Take the argmax of the model’s outputs over a fresh validation batch, one predicted class per image:

X, y = next(iter(data.val_dataloader()))
with torch.no_grad():
    preds = d2l.argmax(model(X), axis=1)
preds.shape

torch.Size([256])

Look at the mistakes

Prediction

The interesting cases are the errors. Tile the misclassified images, each captioned true / predicted:

wrong = d2l.astype(preds, y.dtype) != y
X, y, preds = X[wrong], y[wrong], preds[wrong]
labels = [a+'\n'+b for a, b in zip(
    data.text_labels(y), data.text_labels(preds))]
data.visualize([X, y], labels=labels)

82%: a linear ceiling

Prediction

Sweep the whole validation set and average the per-example correct flags:

correct = []
for X_i, y_i in data.val_dataloader():
    with torch.no_grad():
        correct.append(model.accuracy(model(X_i), y_i, averaged=False))
print(f'Test accuracy: {torch.cat(correct).mean():.3f}')

Test accuracy: 0.823

Roughly 82–83% run to run: the ceiling of a linear model on Fashion-MNIST, not a tuning artifact. The next slide shows where the missing 18% lives.

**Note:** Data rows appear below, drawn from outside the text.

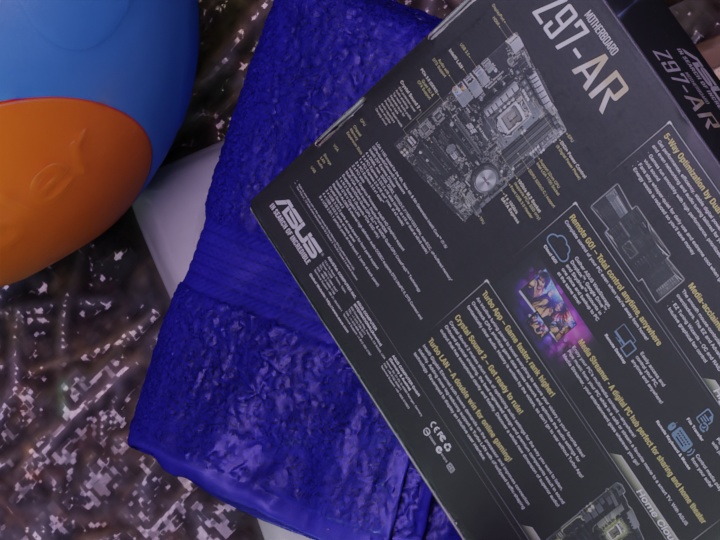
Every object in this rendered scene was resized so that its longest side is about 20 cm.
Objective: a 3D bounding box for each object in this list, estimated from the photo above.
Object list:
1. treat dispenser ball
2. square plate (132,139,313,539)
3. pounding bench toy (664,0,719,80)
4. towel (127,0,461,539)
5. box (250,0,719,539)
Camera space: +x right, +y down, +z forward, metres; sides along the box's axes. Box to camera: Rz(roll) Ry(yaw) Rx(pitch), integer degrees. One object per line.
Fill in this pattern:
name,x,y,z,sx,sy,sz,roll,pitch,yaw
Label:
treat dispenser ball,-0.161,-0.091,1.132,0.200,0.201,0.202,-2,81,14
square plate,0.028,0.013,1.157,0.199,0.028,0.199,-25,76,10
pounding bench toy,0.187,-0.040,1.073,0.155,0.124,0.201,-23,77,10
towel,0.000,0.000,1.117,0.147,0.050,0.201,20,93,22
box,0.073,0.009,1.020,0.160,0.043,0.200,-42,73,28

The errors form two blocks, not a blur

Prediction · the confusion matrix

Accumulate a 10\times 10 count matrix over the validation set (the base-classification section’s confusion matrix) and normalize each column:

Upper-body garments (t-shirt, pullover, dress, coat, shirt) trade errors almost exclusively among themselves; the shirt column is the most polluted of all.
Footwear (sandal, sneaker, ankle boot) forms a second cluster.
Trousers and bags are nearly pure diagonal: silhouette suffices.

Same outline, same mass distribution → indistinguishable to a model that can only weigh pixels linearly.

Why a linear model caps out

The ceiling

A linear classifier draws straight decision boundaries: the softmax-regression section’s picture, now with a price tag. In pixel space shirts and pullovers overlap, and no hyperplane separates them.

The capacity of lines is finite: in the plane a line shatters any 3 points but never the 4-point XOR pattern (the generalization-in- classification section makes this precise). A single hidden layer (the multilayer-perceptrons chapter) bends the boundary and pushes past the ceiling.

Recap

Wrap-up

Softmax = exp, row-sum, divide → a probability distribution over classes.
Cross-entropy = -\log \hat{y}_{\text{true}}, averaged over the batch: the natural classification loss.
Model = flatten → one linear layer (784\times10) → softmax.

Training reuses the regression Trainer; Classifier adds accuracy reporting for free.
82–83% is the linear ceiling on Fashion-MNIST; the confusion matrix shows the errors in two blocks (upper-body garments, footwear), exactly where silhouette fails.
exp(1000) = NaN: the naive softmax is fragile and the clip merely hides it; the concise-softmax-regression section derives the real fix.